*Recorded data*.

--------

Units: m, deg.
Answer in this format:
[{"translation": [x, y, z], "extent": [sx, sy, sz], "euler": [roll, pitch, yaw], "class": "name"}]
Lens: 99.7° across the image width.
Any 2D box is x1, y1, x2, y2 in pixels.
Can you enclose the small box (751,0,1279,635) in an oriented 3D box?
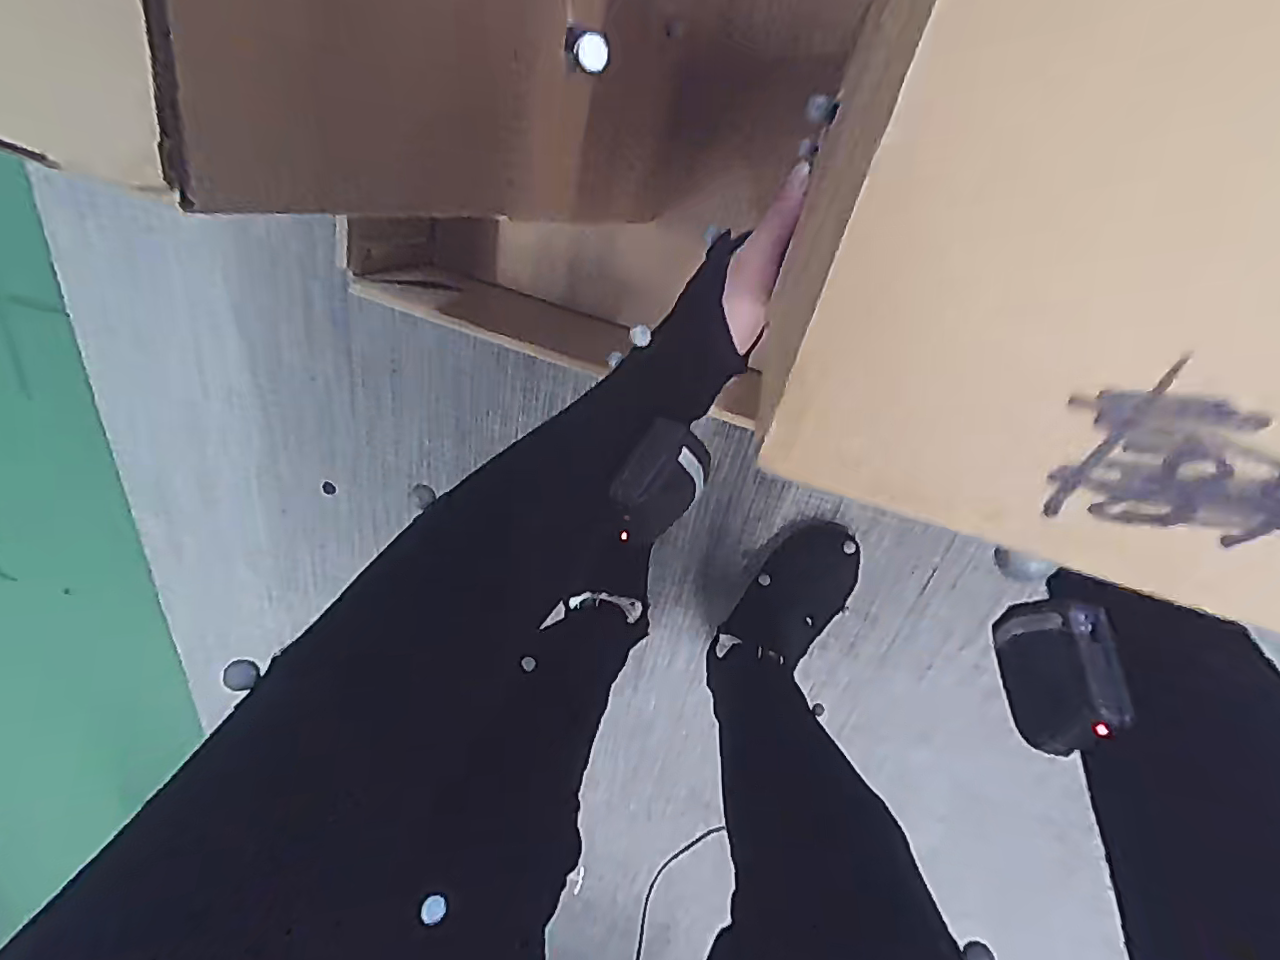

--------

Give back every record exactly. Omit the pictures.

*Your solution*.
Units: m, deg.
Answer in this format:
[{"translation": [x, y, z], "extent": [sx, sy, sz], "euler": [roll, pitch, yaw], "class": "name"}]
Lens: 99.7° across the image width.
Any 2D box is x1, y1, x2, y2 in pixels.
Can you enclose the small box (751,0,1279,635) in an oriented 3D box?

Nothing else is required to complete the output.